The current research reported that the G. frondosa CICC®50075 transcripts of many novel HFB genes were detected in abundance at various time points of fungal development. Expression of genes hgfI, Gf.hyd15024, and Gf.hyd20923 was significantly upregulated (p < 0.05) at the germination stage, compared with the primordia and young fruiting body stages (Figure 2a), and might be the critical genes for germination. Because hgfII and rGf.hyd9954 were abundantly expressed at the primordial stage, it is assumed that they could be the predominantly expressed HPB genes. Moreover, transcript levels of seven HFB genes (Gf.hyd2041, Gf.hyd6681, Gf.hyd6682, Gf.hyd8174, Gf.hyd11240, Gf.hyd11347, and Gf.hyd20923) were significantly abundant, which might be related to the differentiation of the fruiting body.
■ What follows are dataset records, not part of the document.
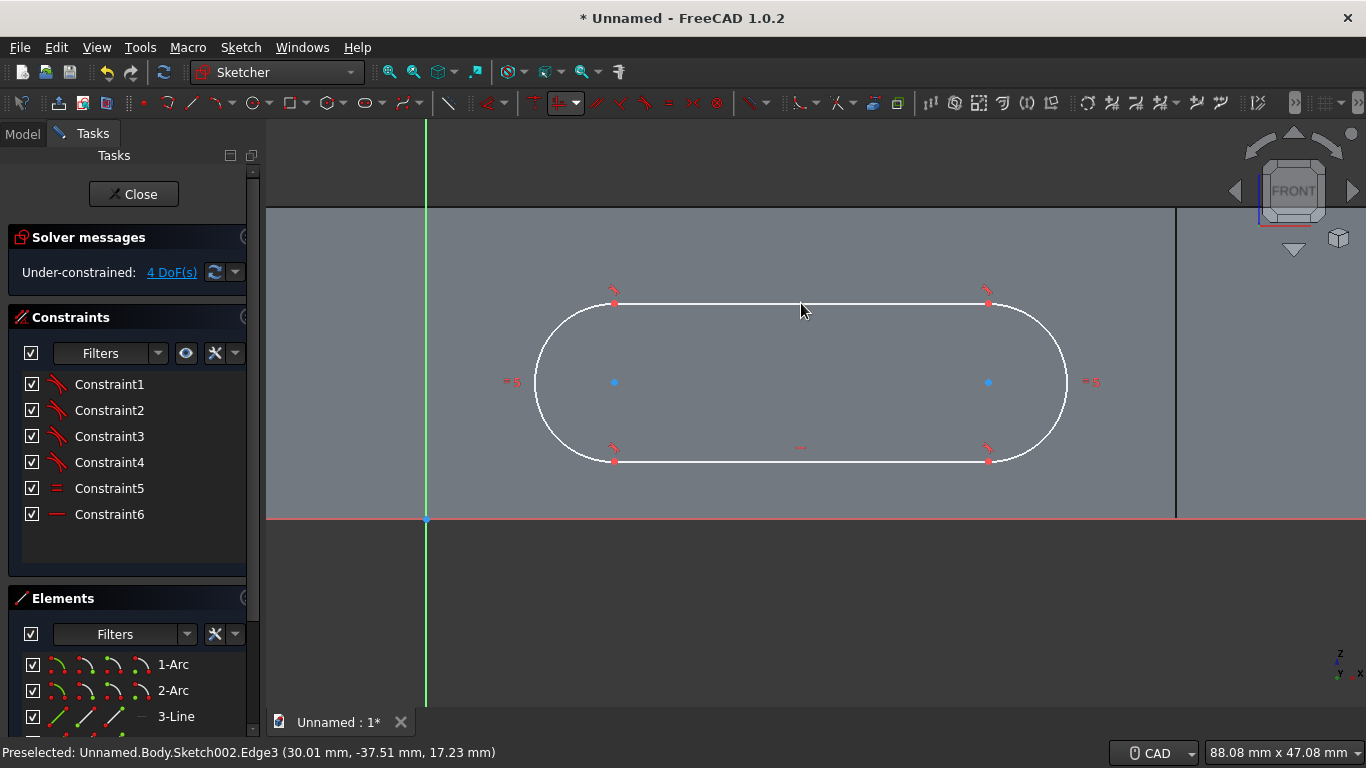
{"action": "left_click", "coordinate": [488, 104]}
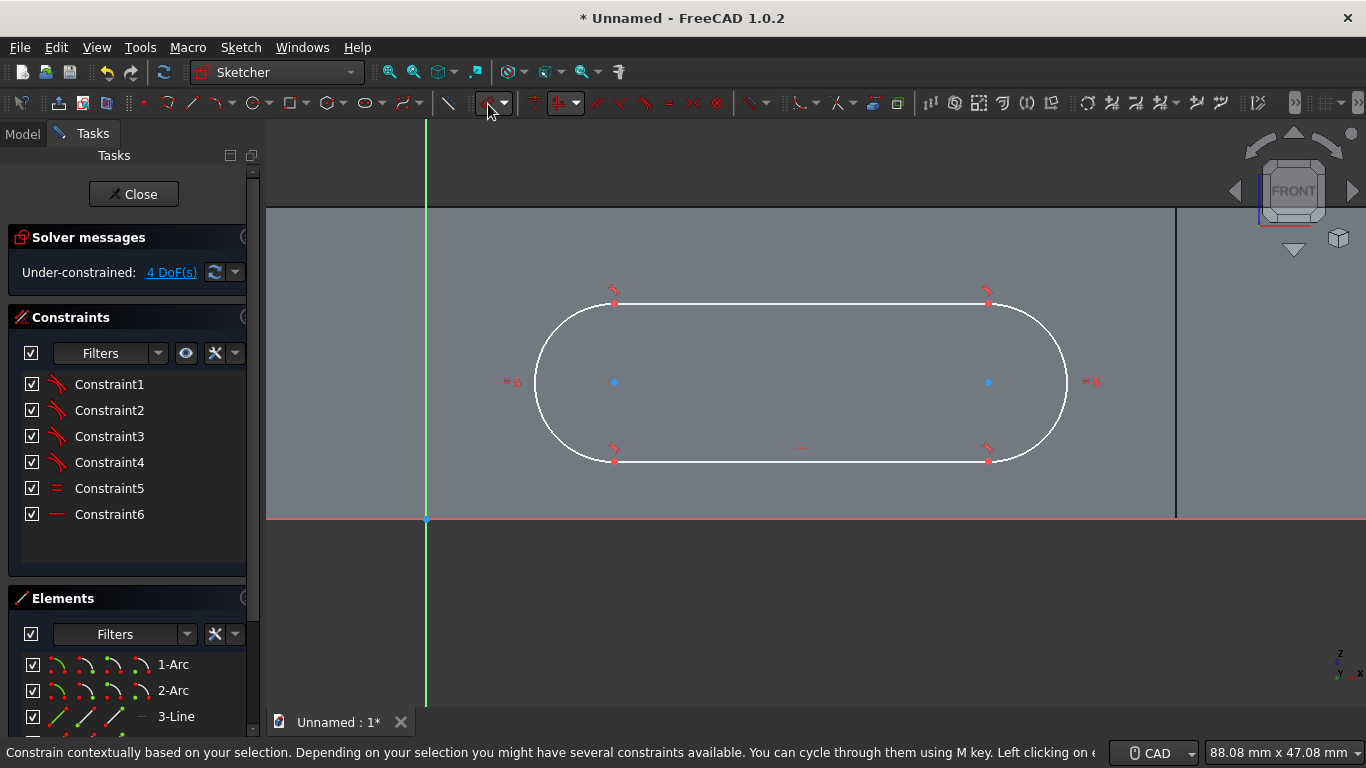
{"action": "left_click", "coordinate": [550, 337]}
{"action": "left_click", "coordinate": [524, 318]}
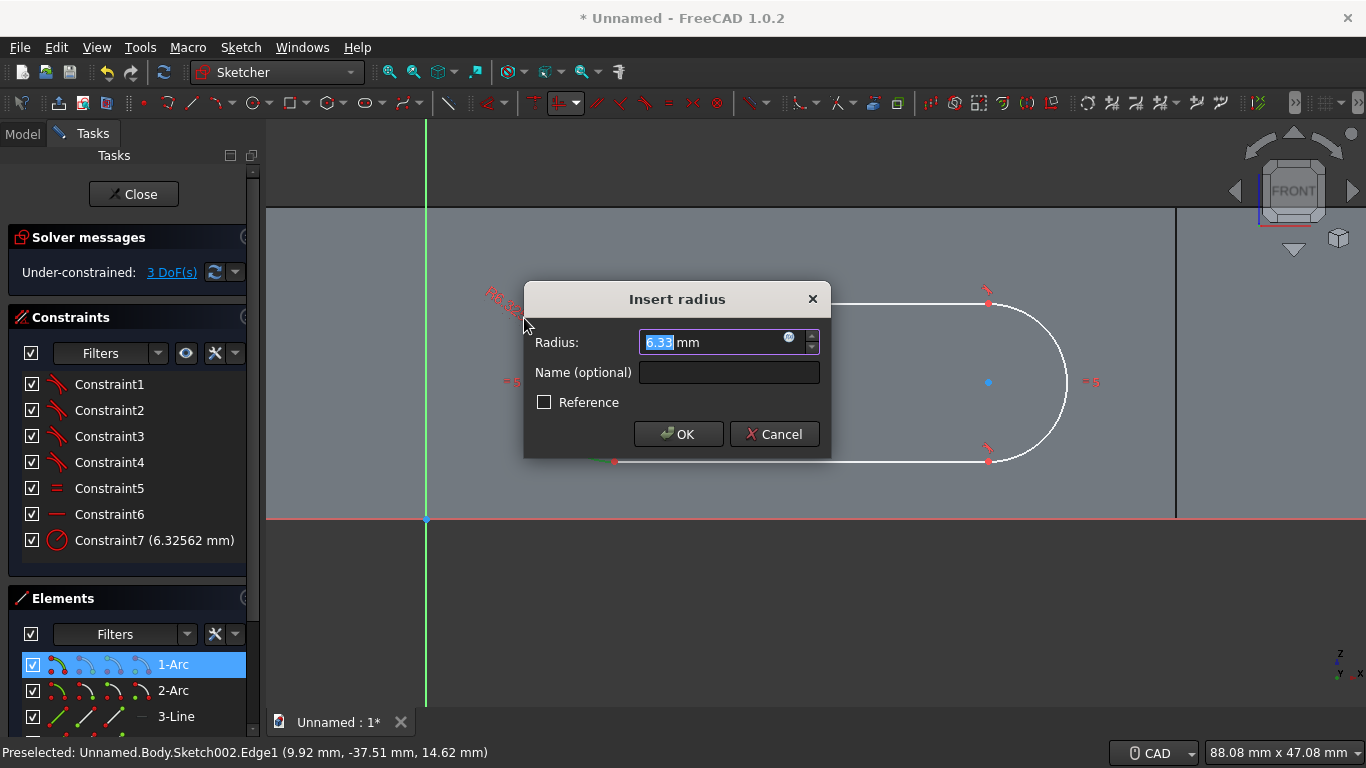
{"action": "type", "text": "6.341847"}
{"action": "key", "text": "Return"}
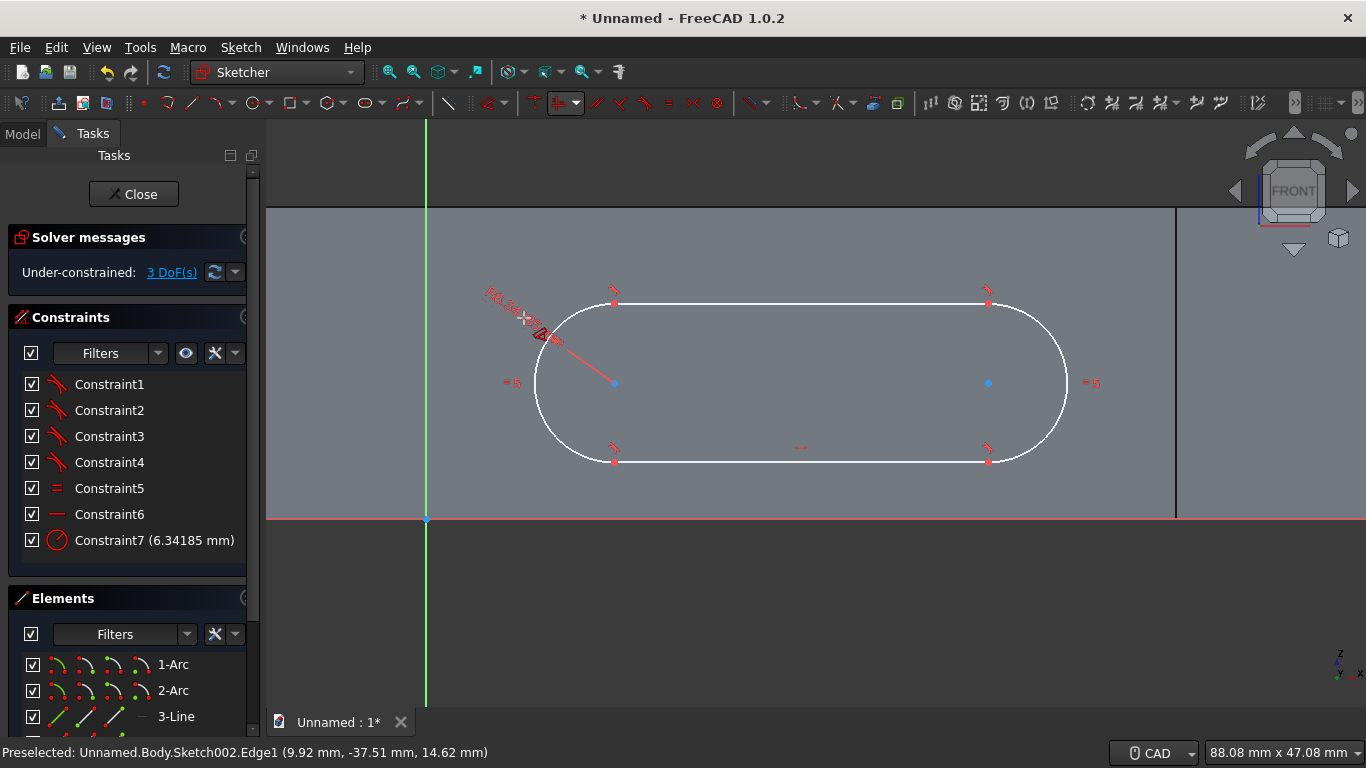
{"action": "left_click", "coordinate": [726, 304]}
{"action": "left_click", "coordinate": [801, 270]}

In contrast, expression of the rGf.hyd9954 gene was particularly attenuated during the transition phase from the primordium to the young fruiting (Yfb) body stage (Figure 2a). A remarkably high transcript level of rGf.hyd9954 was observed at the primordia stage of G. frondosa strain CICC®50075, which was about 380-fold higher than that at the earlier germination stage. Intriguingly, not only in the primordia stage, rGf.hyd9954 was also liberally expressed at the mature fruiting (Mfb) development stage. Xu et al. (2021) found that in Pleurotus ostreatus, Vmh3 represented over 90% of the HFB gene expression, as it is predominantly expressed at almost every stage of the life cycle, excluding the mature fruiting body stage [39], while the fv-hyd1 gene was notably transcribed at the primordia stage of Flammulina filiformis [62]. The mature fruiting body stage may have a limited requirement for HFBs, reflected in the attenuation of expression levels of ten HFB genes, while the expression of only two HFB genes (hgfII and rGf.hyd9954) was upregulated at this stage. Regarding the Yfb-to-Mfb transition stage, the highly expressed genes were hgfII, rGf.hyd9954, Gf.hyd12802, and Gf.hyd21629. Taking these results together, we inferred that rGf.hyd9954 might be the main HFB gene responsible for triggering fruiting in G. frondosa CICC®50075.
HFB genes display temporally expressed patterns, reflecting their importance in inducing fungal development. The results of the study suggest that the expression of an HFB gene can vary in its regulation at different stages of fungal development. Based on these results, it was discovered that the HFB genes were expressed in a coordinated and time-regulated manner, aligning with the developmental necessities throughout the life cycle of G. frondosa. For example, the Gf.hyd9954 gene encodes a novel HFB deeply involved in the fruiting process, which is specifically expressed at the primordia and fruiting body stages (Figure 2b). Furthermore, to easily obtain the rGf.hyd9954 and reveal the inherent mechanisms of the rGf.hyd9954 exhibiting predominant expression levels, the heterologous expression and purification of recombinant rGf.hyd9954 in Pichia Pastoris GS115 were successfully performed. (Figures S1 and S2), and the following characterization studies were performed.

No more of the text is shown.